- **Task prompt**: Transcribe the entries below exactly; leave every image out.

**********

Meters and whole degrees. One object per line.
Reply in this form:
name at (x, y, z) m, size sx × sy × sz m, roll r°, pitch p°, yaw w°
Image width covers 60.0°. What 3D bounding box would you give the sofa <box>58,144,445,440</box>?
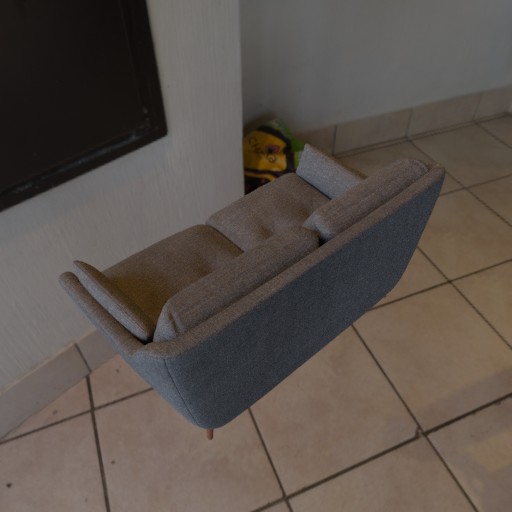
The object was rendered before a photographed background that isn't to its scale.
sofa at (0.000, 0.000, 2.201) m, size 1.646 × 0.887 × 0.976 m, roll -32°, pitch 54°, yaw -27°
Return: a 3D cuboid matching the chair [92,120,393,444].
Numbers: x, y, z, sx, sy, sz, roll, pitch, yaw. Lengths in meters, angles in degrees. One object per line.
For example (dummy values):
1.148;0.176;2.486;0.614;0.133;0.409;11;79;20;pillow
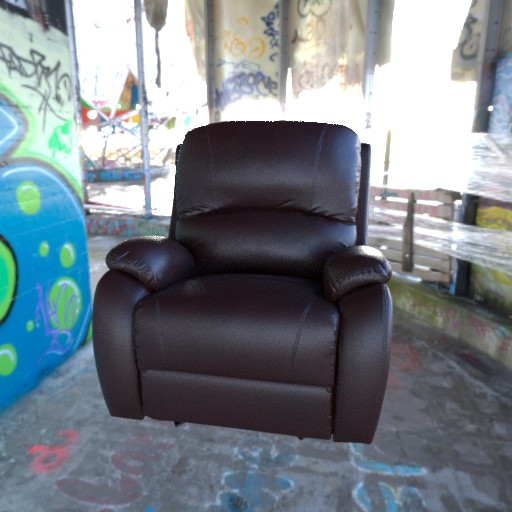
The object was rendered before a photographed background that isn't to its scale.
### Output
0.000;0.000;1.672;0.930;1.011;0.899;2;15;9;chair
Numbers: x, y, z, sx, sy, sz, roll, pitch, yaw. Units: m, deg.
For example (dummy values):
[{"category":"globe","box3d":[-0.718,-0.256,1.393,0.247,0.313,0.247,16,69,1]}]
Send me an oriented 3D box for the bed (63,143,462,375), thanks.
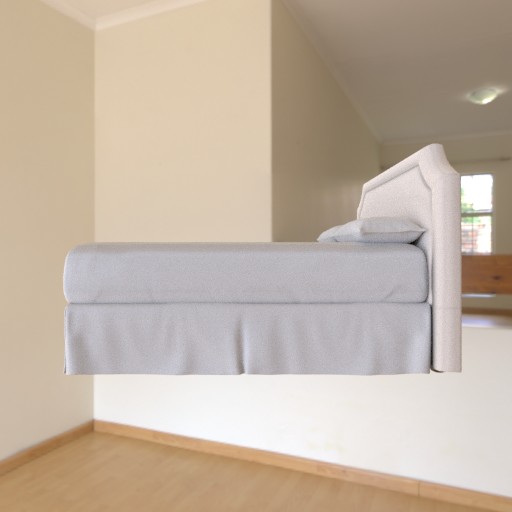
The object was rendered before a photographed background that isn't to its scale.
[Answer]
[{"category":"bed","box3d":[0.000,0.000,3.209,2.164,1.297,1.828,0,0,-1]}]
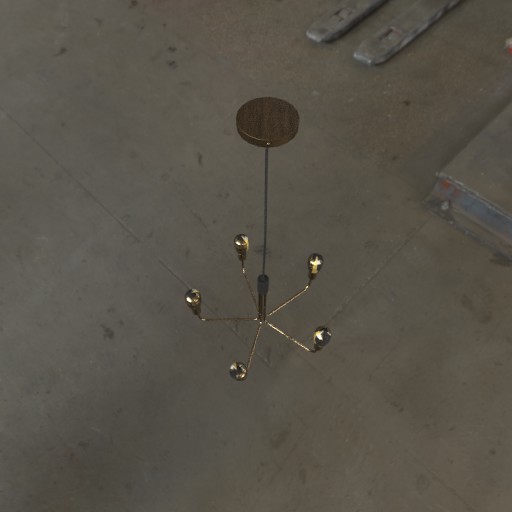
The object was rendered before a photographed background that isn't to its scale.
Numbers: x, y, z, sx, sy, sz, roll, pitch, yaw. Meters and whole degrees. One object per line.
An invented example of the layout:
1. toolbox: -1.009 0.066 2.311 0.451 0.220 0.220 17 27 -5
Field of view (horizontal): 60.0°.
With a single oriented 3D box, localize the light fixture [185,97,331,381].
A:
1. light fixture: 0.000 0.000 1.379 0.532 1.059 0.588 -1 58 0
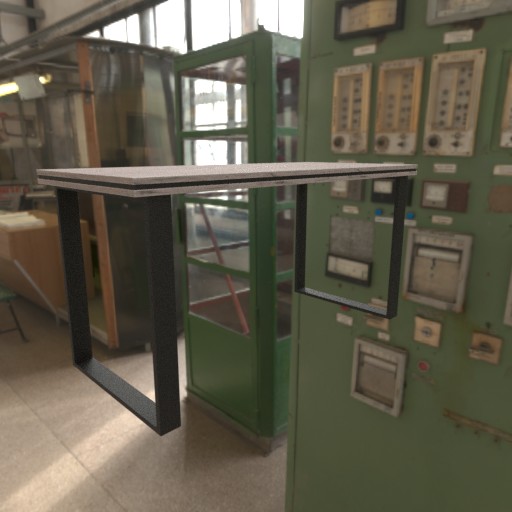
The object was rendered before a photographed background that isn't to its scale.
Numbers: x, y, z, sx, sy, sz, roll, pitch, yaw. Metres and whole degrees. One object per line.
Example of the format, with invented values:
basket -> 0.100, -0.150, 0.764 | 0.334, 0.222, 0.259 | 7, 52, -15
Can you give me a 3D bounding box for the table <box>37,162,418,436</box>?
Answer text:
table -> 0.000, 0.000, 2.276 | 1.778, 0.899, 0.795 | -13, 18, -43
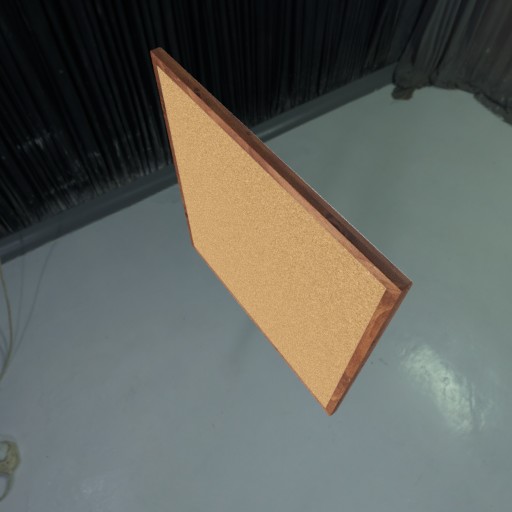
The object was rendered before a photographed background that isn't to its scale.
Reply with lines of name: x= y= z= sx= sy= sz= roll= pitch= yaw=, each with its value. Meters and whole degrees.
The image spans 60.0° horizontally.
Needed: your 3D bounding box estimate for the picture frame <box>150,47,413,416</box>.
picture frame: x=0.000 y=0.000 z=1.223 sx=0.029 sy=0.817 sz=0.810 roll=-32 pitch=62 yaw=-19

**********

- **Written response**:
Meters and whole degrees. One object per line.
Reply in this form:
name at (x, y, z) m, size sx × sy × sz m, roll r°, pitch p°, yaw w°
Image width covers 60.0°. What 3D bounding box would you give the sofa <box>58,144,445,440</box>?
The object was rendered before a photographed background that isn't to its scale.
sofa at (0.000, 0.000, 2.201) m, size 1.646 × 0.887 × 0.976 m, roll -32°, pitch 54°, yaw -27°
Return: a 3D cuboid matching the chair [92,120,393,444].
Numbers: x, y, z, sx, sy, sz, roll, pitch, yaw. Lengths in meters, angles in degrees. One object per line.
For example (dummy values):
1.148;0.176;2.486;0.614;0.133;0.409;11;79;20;pillow
The object was rendered before a photographed background that isn't to its scale.
### Output
0.000;0.000;1.672;0.930;1.011;0.899;2;15;9;chair
Numbers: x, y, z, sx, sy, sz, roll, pitch, yaw. Units: m, deg.
For example (dummy values):
[{"category":"globe","box3d":[-0.718,-0.256,1.393,0.247,0.313,0.247,16,69,1]}]
Send me an oriented 3D box for the bed (63,143,462,375), thanks.
The object was rendered before a photographed background that isn't to its scale.
[Answer]
[{"category":"bed","box3d":[0.000,0.000,3.209,2.164,1.297,1.828,0,0,-1]}]
The object was rendered before a photographed background that isn't to its scale.
Numbers: x, y, z, sx, sy, sz, roll, pitch, yaw. Meters and whole degrees. One object per line.
An invented example of the layout:
1. toolbox: -1.009 0.066 2.311 0.451 0.220 0.220 17 27 -5
Field of view (horizontal): 60.0°.
With a single oriented 3D box, localize the light fixture [185,97,331,381].
A:
1. light fixture: 0.000 0.000 1.379 0.532 1.059 0.588 -1 58 0
The object was rendered before a photographed background that isn't to its scale.
Numbers: x, y, z, sx, sy, sz, roll, pitch, yaw. Metres and whole degrees. One object per line.
Example of the format, with invented values:
basket -> 0.100, -0.150, 0.764 | 0.334, 0.222, 0.259 | 7, 52, -15
Can you give me a 3D bounding box for the table <box>37,162,418,436</box>?
Answer text:
table -> 0.000, 0.000, 2.276 | 1.778, 0.899, 0.795 | -13, 18, -43
The object was rendered before a photographed background that isn't to its scale.
Reply with lines of name: x= y= z= sx= sy= sz= roll= pitch= yaw=, each with its value. Meters and whole degrees.
The image spans 60.0° horizontally.
Needed: your 3D bounding box estimate for the picture frame <box>150,47,413,416</box>.
picture frame: x=0.000 y=0.000 z=1.223 sx=0.029 sy=0.817 sz=0.810 roll=-32 pitch=62 yaw=-19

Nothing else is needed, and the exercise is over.